Task brief: Please find every line in the records below that contains the word "Gray", and copy it.
Data for review section start
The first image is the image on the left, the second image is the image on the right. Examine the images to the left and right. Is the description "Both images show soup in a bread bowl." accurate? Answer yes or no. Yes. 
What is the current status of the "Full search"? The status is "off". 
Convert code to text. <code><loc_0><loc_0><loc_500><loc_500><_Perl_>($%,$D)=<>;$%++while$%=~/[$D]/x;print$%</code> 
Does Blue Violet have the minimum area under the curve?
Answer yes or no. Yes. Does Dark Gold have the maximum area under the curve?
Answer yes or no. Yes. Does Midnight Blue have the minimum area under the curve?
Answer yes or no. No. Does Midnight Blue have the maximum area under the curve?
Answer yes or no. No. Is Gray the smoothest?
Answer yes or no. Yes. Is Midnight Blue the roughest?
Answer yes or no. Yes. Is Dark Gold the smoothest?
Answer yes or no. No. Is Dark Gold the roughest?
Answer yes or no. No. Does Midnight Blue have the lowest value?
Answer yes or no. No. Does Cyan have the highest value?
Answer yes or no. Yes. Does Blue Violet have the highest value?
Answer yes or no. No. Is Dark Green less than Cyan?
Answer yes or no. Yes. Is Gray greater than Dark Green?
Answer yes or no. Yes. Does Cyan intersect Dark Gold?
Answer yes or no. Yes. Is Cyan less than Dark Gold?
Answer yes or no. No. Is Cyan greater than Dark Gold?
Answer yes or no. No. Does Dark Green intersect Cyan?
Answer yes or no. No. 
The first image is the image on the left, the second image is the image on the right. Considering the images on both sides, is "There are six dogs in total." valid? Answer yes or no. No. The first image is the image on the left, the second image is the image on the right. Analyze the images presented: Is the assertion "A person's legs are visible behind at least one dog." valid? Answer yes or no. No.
Data for review section end
Task answer:
Answer yes or no. No. Is Gray the smoothest?
Answer yes or no. Yes. Is Gray greater than Dark Green?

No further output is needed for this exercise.